続いての数日、以琛は続々といろんな方面から来る”関心”を受け取る。
最初は裁判所の周氏
「小何、この前君が結婚したと言ったのに私はまた君が口実を探していると思っていたし、それに本当に結婚したとは思わなかったんだよ。これで終わった、君は結婚したんだ。我が家のばあさんは落ち着くことができるぞ。私もそのうちには静かな生活ができる・・・ところで、結婚式の招待状を是非とも忘れずに私に送ってくれよ」
それから検察院の方検察官
「あの日のケンタッキーの人でしょ。へへへ、あの日私は外に出てから見たのよ。あなたの動きがあんなにも素早いとは思いもしなかった。で、結婚式の招待状は何時頃?」
出直して来た共同の李弁護士、等々等々。
以琛は初めて袁氏のニュースをまき散らすスピードを心から敬服する。今、C大を卒業してA都市で司法、立法に携わる全ての人は彼の結婚を知っていると推定できる。

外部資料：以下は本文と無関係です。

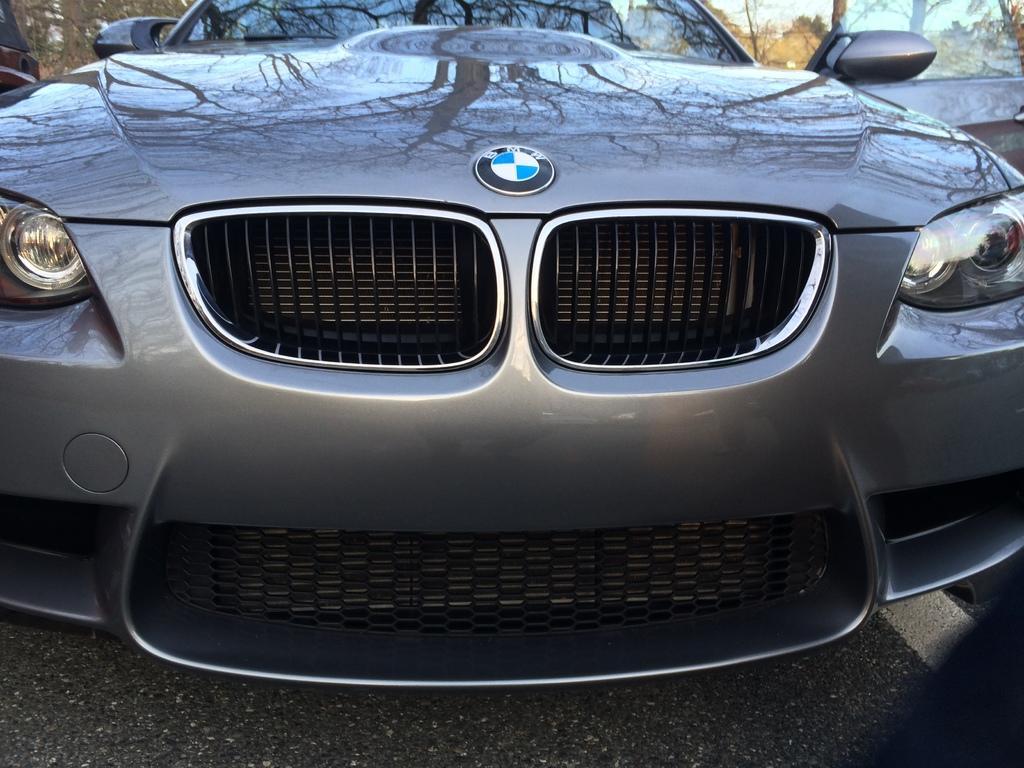Can you describe this image briefly? In this image there is a car. Only the front part of the car is captured in the image. There is a logo on the bonnet of the car. There is text above the logo. In the background there are trees. There are headlights to the car. At the bottom there is the road. 
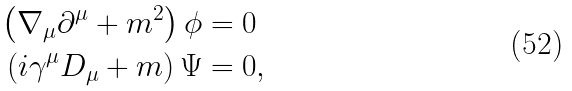<formula> <loc_0><loc_0><loc_500><loc_500>\left ( \nabla _ { \mu } \partial ^ { \mu } + m ^ { 2 } \right ) \phi & = 0 \\ \left ( i \gamma ^ { \mu } D _ { \mu } + m \right ) \Psi & = 0 ,</formula> 
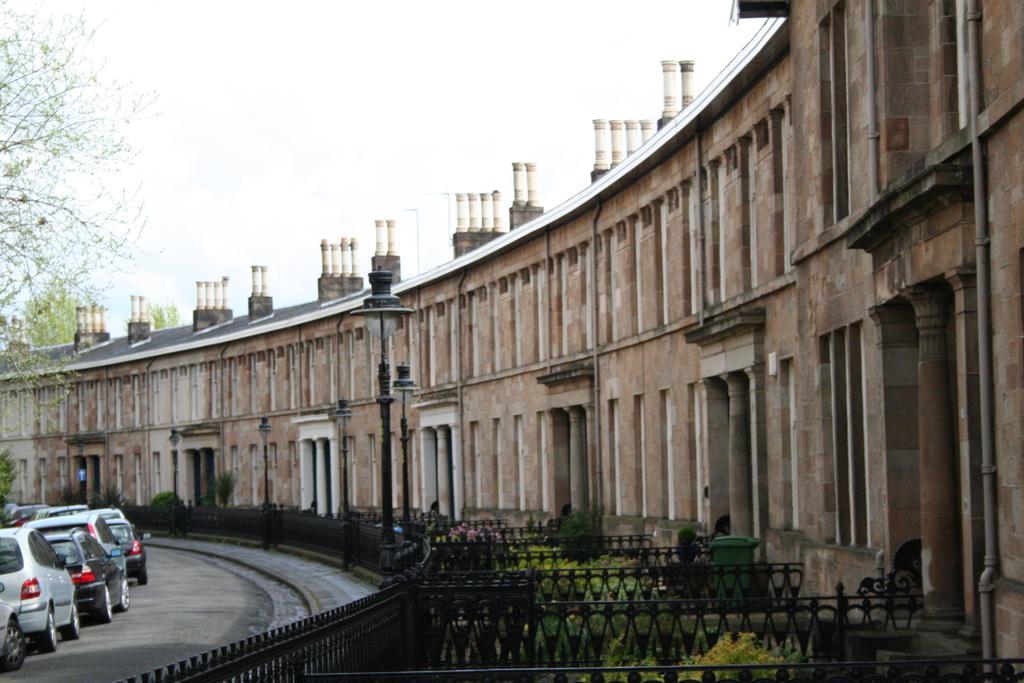Describe this image in one or two sentences. In this image there are buildings, light poles, railing, plants, grilles, vehicles, trees and sky. 
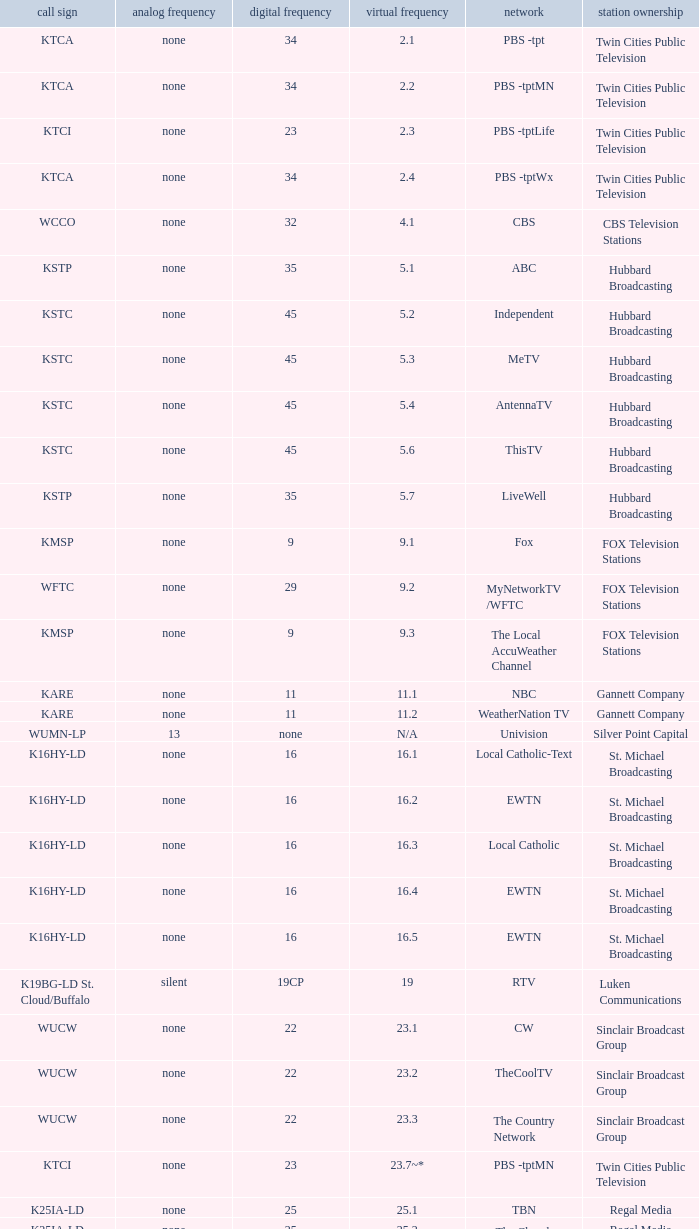Digital channel of 32 belongs to what analog channel? None. 
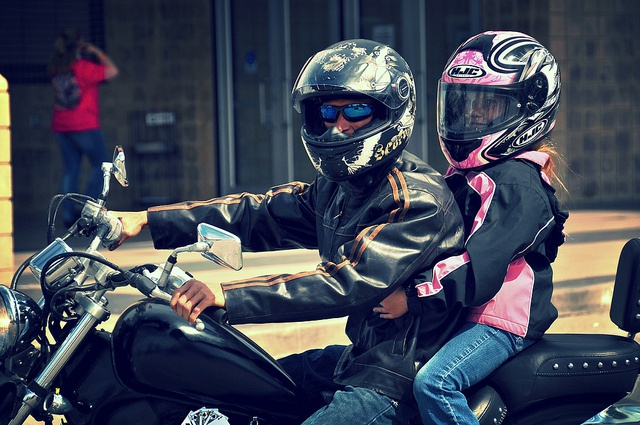Describe the objects in this image and their specific colors. I can see motorcycle in black, navy, gray, and darkgray tones, people in black, navy, blue, and gray tones, people in black, navy, blue, and lightgray tones, people in black, navy, brown, and purple tones, and backpack in black, navy, purple, and darkblue tones in this image. 
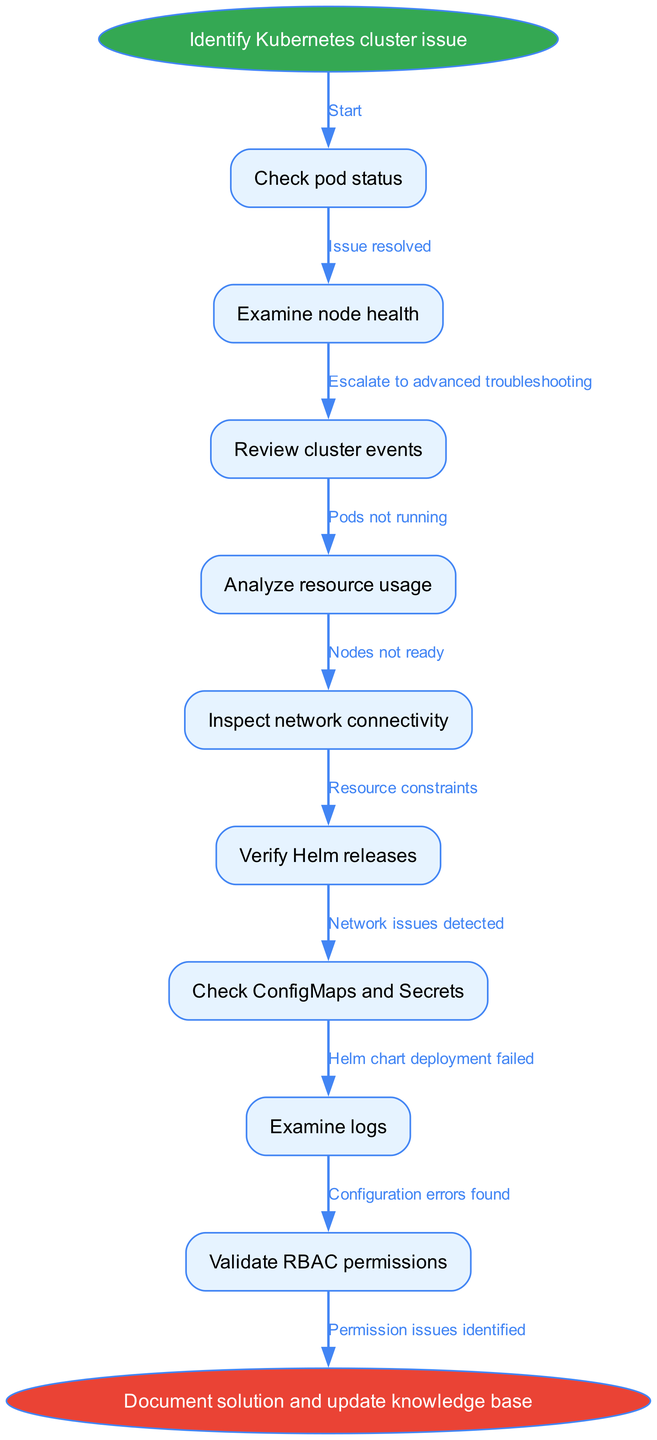What is the starting point in the diagram? The starting point is labeled "Identify Kubernetes cluster issue" and is represented as the first node in the flow, branching out to further troubleshooting steps.
Answer: Identify Kubernetes cluster issue How many nodes are there in total? The diagram includes 9 nodes: 1 start node, 8 troubleshooting steps, and 1 end node, giving a total of 10 nodes.
Answer: 10 nodes What is the relationship between "Check pod status" and "Examine node health"? "Check pod status" leads to "Examine node health" as the next step in troubleshooting, indicating the flow of actions to identify issues.
Answer: Leads to Which node follows "Review cluster events"? The node that follows "Review cluster events" is "Analyze resource usage," indicating the next area of focus in troubleshooting.
Answer: Analyze resource usage If "Inspect network connectivity" detects issues, what is the next step to take? If network issues are detected at the "Inspect network connectivity" step, you should escalate to advanced troubleshooting as indicated by the flow.
Answer: Escalate to advanced troubleshooting What happens if configuration errors are found? If configuration errors are identified during the "Check ConfigMaps and Secrets" step, the flow leads to escalating the issue as well.
Answer: Escalate to advanced troubleshooting Which nodes are categorized as "Issue path nodes" that can lead to a resolution? The nodes "Check pod status," "Examine node health," "Review cluster events," and "Analyze resource usage" lead to issue resolution evaluations in the flow.
Answer: Check pod status, Examine node health, Review cluster events, Analyze resource usage What is the end point of the troubleshooting flow? The end point of the troubleshooting flow is labeled "Document solution and update knowledge base," which summarizes the completion of the process.
Answer: Document solution and update knowledge base

この日の午後に数人の顧客を送り出した後、ソファーに座って動かなくなった袁氏は以琛に尋ねる。
「何時頃、招待するつもりなんだ?」
「来年になったら考えるさ。まだ彼女と話したことがないんだ」
「それは遅すぎるだろう。更に数か月してやっと春節だぞ。学校の創立記念日が過ぎるのを待って似たかよったかで早くやっちまえよ!」
袁氏はとても積極的で楽しく騒ぐのが好きなのだ。
創立記念?
以琛が行事予定表を捲ってみるとやはり”15日 C大百年創立記念”と書いてある。この頃は忙し過ぎてなんとこのことを忘れていた。
「日取りは後で考えよう。その節にはあなたに結婚式の立会人をお願いしたい」
以琛は笑いながら言う。
未だかつて口にしたことはないが、以琛は袁氏に対して真実ずいぶんと感謝している。
もし、袁氏のバックグラウンドと活動能力がなければ、今の何以琛があるとは限らない。
「結婚の立会人?素晴らしい」袁氏は喜んでいる
「ご祝儀を倹約できさえすれば差し当たってなんでもいいさ」
ちょうど話してる最中に電話がかかってきて、袁氏は嬉しさに心を弾ませ手を振って出て行った。